To raise this ultra-bright, ultra-ambitious generation, parents and teachers did away with the distant, authoritative styles of the past in order to prioritise the child’s self-determination, self-belief and academic prowess. Cue the widespread adoption of the more participatory “child-centred” approach, an idea popularised in the 1980s but which found fertile ground in the cultures that were borne of Blair’s softer aspirational rhetoric.15 This style of teaching, and parenting, gave greater precedence to the child’s own viewpoint, in favour of administering lessons from afar and by a series of direct instructions. Grades and extracurricular achievements became the hallmark of sound parenting; and those who lacked the time and resources to provide their children with music, drama lessons and additional tutoring — once a luxury, now common fare for working- and lower-middle-class households — were judged to be failing.
At the same time, wider trends in globalisation were making the world seem far smaller and far more accessible to everyone. The widespread availability of low-cost air travel, the dawn of the internet, and the huge advances being made in digital technologies created the impression of a world built for, and around, these aspirant young people. Increasingly, the world was judged not through the prism of local community, but as a wide and open playing field, whose opportunities could be mined by the intelligent and canny in order to achieve whatever it was they wanted.
The generation now broadly dubbed “millennial” came of age at a time when people took an almost obsessive interest in children’s education. We probably felt a greater sense of self-importance than previous generations, but were at the same time under an immense amount of pressure to perform and to make full use of this unprecedented degree of opportunity. I was one of the millions of working-class people who attended university, something that would have seemed unthinkable to mine and millions of people’s parents, and while there were many who used this opportunity to pursue the road of social mobility as intended, there would be many others who seized on it in other ways too.
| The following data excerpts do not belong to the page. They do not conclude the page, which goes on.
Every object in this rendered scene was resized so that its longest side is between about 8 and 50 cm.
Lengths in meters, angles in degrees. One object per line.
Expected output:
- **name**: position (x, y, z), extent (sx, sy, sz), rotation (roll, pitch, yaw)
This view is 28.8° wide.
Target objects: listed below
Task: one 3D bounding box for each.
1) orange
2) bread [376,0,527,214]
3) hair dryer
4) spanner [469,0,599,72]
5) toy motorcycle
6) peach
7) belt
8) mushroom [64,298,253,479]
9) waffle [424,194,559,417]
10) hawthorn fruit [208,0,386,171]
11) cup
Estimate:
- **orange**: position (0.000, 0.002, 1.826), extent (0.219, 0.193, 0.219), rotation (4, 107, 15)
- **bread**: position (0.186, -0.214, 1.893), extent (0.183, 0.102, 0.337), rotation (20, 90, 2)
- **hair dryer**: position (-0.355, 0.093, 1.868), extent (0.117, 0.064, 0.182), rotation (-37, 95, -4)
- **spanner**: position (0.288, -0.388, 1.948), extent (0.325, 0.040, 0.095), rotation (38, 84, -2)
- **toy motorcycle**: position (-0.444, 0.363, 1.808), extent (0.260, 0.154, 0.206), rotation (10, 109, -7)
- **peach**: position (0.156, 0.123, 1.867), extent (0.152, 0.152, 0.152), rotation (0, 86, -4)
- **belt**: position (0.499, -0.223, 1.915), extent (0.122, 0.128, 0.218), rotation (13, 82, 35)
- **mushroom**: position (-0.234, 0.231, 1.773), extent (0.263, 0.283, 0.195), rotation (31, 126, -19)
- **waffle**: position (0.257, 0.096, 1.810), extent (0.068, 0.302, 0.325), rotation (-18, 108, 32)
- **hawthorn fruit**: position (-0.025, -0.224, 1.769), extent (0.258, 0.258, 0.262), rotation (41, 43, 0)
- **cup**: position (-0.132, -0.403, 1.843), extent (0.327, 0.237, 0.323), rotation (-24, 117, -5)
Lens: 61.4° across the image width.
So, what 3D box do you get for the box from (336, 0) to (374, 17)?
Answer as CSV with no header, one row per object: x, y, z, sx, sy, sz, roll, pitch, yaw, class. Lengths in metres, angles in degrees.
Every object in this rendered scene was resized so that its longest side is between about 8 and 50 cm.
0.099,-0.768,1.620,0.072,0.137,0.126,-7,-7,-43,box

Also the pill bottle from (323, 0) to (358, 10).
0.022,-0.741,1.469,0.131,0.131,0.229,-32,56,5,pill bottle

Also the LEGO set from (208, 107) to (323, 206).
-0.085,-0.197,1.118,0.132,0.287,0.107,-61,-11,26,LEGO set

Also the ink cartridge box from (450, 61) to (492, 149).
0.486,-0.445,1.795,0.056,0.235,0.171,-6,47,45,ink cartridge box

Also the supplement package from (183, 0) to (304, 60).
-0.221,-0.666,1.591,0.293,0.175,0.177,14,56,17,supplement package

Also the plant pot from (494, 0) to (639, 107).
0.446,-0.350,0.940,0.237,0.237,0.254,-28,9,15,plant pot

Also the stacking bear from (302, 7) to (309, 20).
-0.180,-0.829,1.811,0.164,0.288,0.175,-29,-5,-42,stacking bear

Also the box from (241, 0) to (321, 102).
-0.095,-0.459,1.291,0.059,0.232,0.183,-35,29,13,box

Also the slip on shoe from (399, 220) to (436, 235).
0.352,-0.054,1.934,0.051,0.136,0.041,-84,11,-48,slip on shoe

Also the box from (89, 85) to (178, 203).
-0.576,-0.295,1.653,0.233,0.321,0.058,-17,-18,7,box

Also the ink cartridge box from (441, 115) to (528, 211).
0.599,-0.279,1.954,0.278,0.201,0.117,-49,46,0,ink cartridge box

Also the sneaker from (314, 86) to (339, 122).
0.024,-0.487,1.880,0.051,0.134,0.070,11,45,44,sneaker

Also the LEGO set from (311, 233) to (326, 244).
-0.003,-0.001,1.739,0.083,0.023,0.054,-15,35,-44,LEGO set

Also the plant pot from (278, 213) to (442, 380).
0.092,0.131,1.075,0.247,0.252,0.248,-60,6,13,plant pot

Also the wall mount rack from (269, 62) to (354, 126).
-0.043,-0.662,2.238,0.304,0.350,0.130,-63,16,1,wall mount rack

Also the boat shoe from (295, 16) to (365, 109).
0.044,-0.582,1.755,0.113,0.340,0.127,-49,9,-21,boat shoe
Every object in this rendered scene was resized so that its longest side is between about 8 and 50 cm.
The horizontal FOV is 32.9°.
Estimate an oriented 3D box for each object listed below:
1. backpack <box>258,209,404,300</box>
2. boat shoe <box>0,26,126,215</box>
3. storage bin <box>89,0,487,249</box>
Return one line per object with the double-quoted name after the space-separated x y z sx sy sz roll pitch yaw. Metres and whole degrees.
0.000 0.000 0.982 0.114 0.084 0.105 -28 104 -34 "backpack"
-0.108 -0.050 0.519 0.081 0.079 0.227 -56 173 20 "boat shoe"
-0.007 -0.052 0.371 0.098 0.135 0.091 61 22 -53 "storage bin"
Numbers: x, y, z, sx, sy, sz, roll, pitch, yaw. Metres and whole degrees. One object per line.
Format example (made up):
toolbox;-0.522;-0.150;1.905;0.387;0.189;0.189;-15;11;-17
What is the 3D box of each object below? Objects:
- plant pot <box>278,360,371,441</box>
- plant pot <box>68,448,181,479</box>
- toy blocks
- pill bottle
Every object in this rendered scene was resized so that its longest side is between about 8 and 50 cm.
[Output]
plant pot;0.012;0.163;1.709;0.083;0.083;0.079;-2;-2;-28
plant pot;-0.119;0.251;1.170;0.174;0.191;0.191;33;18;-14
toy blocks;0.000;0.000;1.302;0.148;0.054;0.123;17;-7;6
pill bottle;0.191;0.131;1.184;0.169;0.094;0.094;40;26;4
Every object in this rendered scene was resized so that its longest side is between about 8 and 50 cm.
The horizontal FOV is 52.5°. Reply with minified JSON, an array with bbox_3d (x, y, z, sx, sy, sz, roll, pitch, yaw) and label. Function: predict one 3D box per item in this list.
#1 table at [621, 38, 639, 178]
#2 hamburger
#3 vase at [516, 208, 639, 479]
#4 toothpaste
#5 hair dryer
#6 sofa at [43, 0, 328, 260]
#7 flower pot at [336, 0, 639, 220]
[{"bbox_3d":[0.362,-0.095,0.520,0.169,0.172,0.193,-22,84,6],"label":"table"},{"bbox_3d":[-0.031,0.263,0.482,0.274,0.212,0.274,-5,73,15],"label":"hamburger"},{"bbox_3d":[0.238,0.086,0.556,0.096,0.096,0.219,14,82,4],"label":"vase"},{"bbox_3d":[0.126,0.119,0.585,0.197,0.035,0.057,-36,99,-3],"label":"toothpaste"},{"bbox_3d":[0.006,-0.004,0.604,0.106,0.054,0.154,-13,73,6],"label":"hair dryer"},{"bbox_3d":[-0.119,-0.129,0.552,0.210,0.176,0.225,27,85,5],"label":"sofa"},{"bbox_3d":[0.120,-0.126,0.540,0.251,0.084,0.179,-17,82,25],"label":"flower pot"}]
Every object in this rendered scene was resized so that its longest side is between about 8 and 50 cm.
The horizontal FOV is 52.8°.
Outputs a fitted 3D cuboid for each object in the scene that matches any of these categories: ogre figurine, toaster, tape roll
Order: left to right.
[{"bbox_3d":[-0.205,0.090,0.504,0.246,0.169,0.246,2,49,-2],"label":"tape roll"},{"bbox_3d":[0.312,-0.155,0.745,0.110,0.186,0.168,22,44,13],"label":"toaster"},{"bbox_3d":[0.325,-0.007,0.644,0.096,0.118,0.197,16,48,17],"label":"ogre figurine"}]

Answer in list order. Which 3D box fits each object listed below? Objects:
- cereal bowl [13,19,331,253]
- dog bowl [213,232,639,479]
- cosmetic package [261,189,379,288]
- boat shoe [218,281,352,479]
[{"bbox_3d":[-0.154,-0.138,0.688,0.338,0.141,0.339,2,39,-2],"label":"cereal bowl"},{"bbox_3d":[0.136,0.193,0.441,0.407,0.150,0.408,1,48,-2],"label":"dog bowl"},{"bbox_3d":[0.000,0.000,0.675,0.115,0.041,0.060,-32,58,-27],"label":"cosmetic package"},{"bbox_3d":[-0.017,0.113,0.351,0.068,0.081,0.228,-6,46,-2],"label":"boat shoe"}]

On the podium at the University of Birmingham in 1997, Tony Blair described an opportunity for anyone to escape the class into which they were born. What he failed to realise was that members of this smart and somewhat precocious generation that he had created might also view this as an opportunity to immerse itself in the likes of Karl Marx, Friedrich Engels, the Frankfurt School, Antonio Gramsci, Michel Foucault, Louis Althusser, Stuart Hall, Angela Davis, Audre Lorde, Naomi Klein and the many other spokespeople of a tradition(s) that stood diametrically opposed to both him and the Thatcherite legacy he preserved.
In setting out to create a generation of young professionals to carry out the duties of an increasingly service-based economy, what seemed to have escaped both Blair’s attention, and that of the political and media class more broadly, was the reality that they had also created something far scarier than the fictional mob of chavs they’d invented. They’d created a well-educated working and lower-middle class on a fact-finding mission to understand the forces that had so far acted against it.